Work order
Locate every line in the records below that contains the word "post", and copy each one.

Source records:
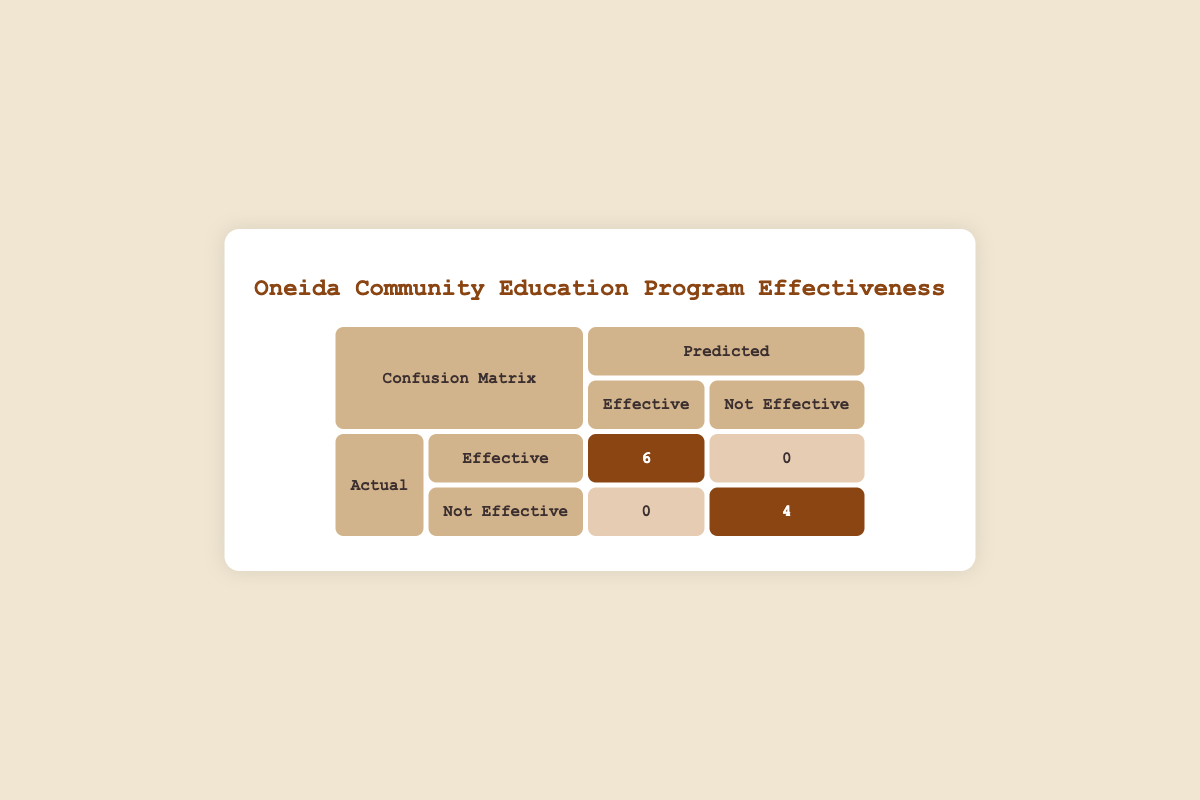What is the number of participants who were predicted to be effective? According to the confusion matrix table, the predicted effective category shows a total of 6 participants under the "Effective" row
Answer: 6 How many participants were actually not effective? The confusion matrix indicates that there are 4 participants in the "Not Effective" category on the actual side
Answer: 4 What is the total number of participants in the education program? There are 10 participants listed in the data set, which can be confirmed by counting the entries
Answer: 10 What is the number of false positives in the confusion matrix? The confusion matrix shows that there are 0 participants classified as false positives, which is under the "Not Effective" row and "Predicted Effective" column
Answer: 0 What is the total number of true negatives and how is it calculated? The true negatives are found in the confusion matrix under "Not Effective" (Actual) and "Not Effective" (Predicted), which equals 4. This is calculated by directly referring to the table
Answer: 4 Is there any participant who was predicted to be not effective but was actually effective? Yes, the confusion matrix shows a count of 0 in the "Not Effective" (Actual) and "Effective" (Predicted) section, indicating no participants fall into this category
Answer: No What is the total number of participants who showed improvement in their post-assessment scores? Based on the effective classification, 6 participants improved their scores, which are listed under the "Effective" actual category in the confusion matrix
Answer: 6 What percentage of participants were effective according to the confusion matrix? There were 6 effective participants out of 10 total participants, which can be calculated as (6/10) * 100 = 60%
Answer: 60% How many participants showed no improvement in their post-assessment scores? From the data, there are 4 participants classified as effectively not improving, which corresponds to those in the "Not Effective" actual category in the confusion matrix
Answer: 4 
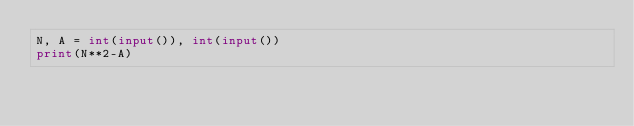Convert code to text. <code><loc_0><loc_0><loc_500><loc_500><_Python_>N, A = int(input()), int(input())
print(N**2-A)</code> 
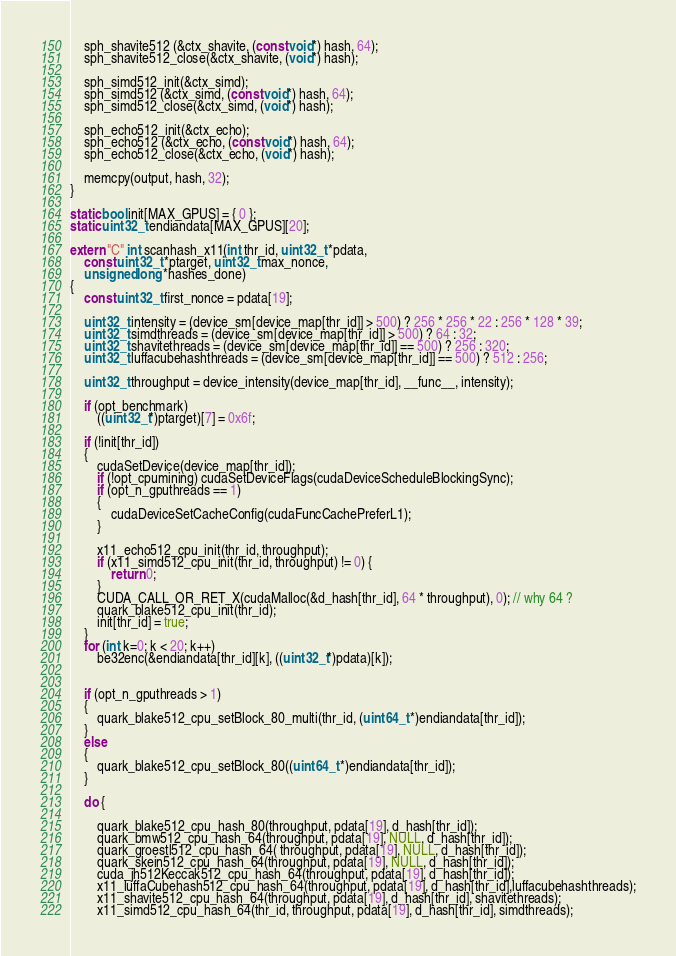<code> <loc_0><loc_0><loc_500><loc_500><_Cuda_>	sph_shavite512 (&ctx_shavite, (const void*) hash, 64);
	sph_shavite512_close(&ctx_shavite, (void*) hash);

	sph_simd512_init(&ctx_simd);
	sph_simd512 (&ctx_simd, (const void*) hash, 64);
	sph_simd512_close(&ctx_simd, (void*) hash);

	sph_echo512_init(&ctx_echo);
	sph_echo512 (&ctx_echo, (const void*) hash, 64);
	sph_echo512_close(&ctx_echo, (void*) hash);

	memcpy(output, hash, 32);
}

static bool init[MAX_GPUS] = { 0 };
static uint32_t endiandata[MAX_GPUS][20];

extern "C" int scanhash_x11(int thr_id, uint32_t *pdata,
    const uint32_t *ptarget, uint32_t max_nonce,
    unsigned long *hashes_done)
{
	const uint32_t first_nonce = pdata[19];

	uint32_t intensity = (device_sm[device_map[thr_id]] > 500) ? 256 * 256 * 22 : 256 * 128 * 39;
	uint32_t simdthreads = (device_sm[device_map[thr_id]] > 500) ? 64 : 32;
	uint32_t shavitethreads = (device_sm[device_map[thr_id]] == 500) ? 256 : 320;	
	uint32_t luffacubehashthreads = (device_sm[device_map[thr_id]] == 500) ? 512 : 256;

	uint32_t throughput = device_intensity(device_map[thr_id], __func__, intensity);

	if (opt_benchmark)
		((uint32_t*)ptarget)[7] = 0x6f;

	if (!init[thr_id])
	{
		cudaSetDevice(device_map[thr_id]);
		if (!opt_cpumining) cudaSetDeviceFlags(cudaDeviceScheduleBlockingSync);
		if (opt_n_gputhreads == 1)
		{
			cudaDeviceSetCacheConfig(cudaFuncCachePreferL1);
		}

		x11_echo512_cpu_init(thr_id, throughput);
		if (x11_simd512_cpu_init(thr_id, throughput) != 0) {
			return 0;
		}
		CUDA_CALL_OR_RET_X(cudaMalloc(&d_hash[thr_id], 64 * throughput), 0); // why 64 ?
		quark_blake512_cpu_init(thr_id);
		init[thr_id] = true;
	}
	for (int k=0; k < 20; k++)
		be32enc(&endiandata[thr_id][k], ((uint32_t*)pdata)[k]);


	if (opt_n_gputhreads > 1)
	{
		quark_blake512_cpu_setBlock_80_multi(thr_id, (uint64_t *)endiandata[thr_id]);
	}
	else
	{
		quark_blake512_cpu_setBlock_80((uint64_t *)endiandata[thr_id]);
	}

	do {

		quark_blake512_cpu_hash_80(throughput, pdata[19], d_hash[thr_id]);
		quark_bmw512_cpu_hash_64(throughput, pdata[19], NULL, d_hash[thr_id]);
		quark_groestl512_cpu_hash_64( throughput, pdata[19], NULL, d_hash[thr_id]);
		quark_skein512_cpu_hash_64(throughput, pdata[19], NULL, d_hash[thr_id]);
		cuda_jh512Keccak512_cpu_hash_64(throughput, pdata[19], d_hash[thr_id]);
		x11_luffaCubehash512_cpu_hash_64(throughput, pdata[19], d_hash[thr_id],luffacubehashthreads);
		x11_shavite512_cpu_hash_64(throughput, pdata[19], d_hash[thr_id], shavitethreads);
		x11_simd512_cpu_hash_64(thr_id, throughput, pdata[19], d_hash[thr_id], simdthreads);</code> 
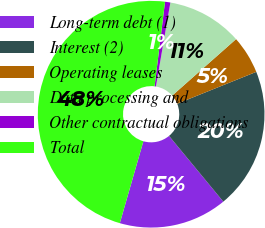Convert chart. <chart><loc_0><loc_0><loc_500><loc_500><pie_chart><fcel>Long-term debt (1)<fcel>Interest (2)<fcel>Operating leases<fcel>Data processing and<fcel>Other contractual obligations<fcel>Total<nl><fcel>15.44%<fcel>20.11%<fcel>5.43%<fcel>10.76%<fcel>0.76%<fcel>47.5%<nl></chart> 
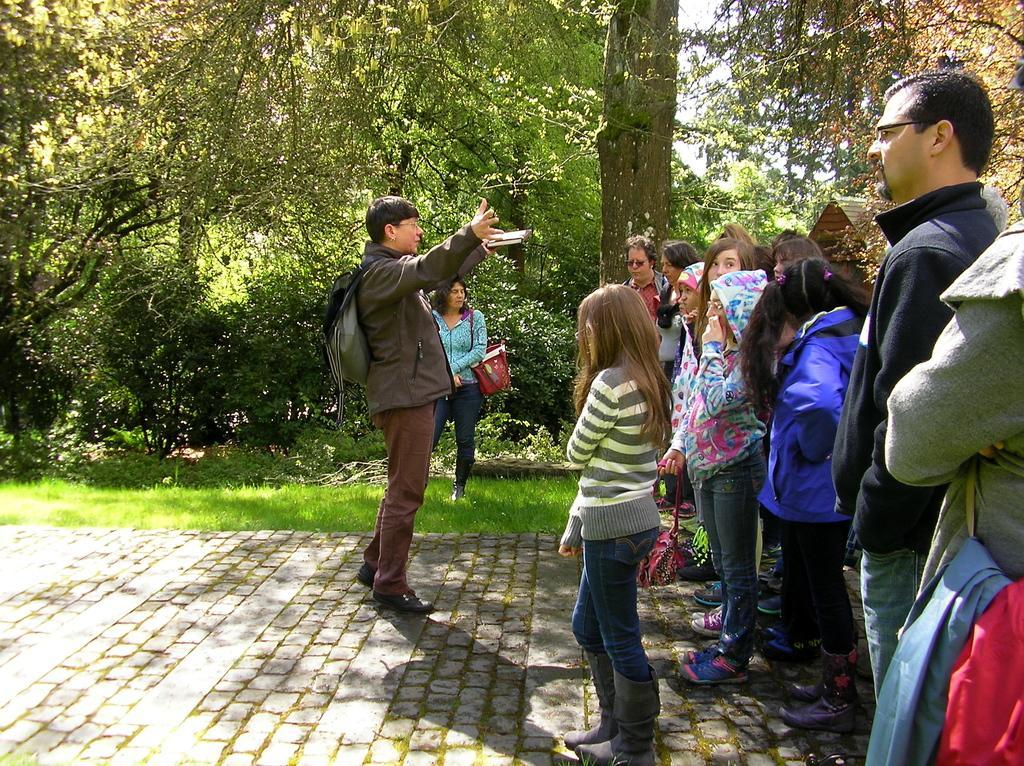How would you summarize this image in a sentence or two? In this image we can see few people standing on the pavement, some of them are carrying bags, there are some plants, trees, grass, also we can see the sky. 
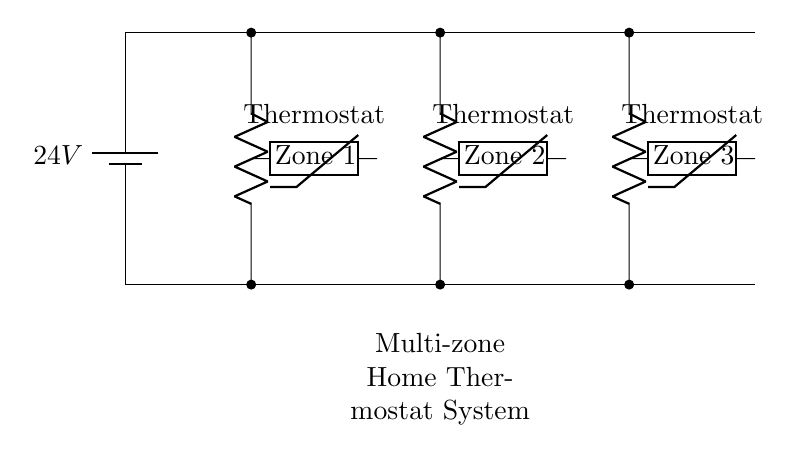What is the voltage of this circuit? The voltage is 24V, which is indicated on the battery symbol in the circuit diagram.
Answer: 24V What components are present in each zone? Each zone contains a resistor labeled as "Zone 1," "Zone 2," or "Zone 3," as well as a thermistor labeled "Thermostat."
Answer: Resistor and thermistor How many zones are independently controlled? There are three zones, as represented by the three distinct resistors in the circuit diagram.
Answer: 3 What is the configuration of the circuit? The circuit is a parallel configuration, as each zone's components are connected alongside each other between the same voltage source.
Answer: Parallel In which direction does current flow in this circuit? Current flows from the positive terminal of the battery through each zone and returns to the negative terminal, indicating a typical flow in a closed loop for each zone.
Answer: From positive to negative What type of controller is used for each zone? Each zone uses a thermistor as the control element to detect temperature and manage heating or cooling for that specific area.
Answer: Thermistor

Result of this exercise
Answer: No What is the total number of participants who showed improvement in their post-assessment scores? Based on the effective classification, 6 participants improved their scores, which are listed under the "Effective" actual category in the confusion matrix
Answer: 60% How many participants showed no improvement in their post-assessment scores? From the data, there are 4 participants classified as effectively not improving, which corresponds to those in the "Not Effective" actual category in the confusion matrix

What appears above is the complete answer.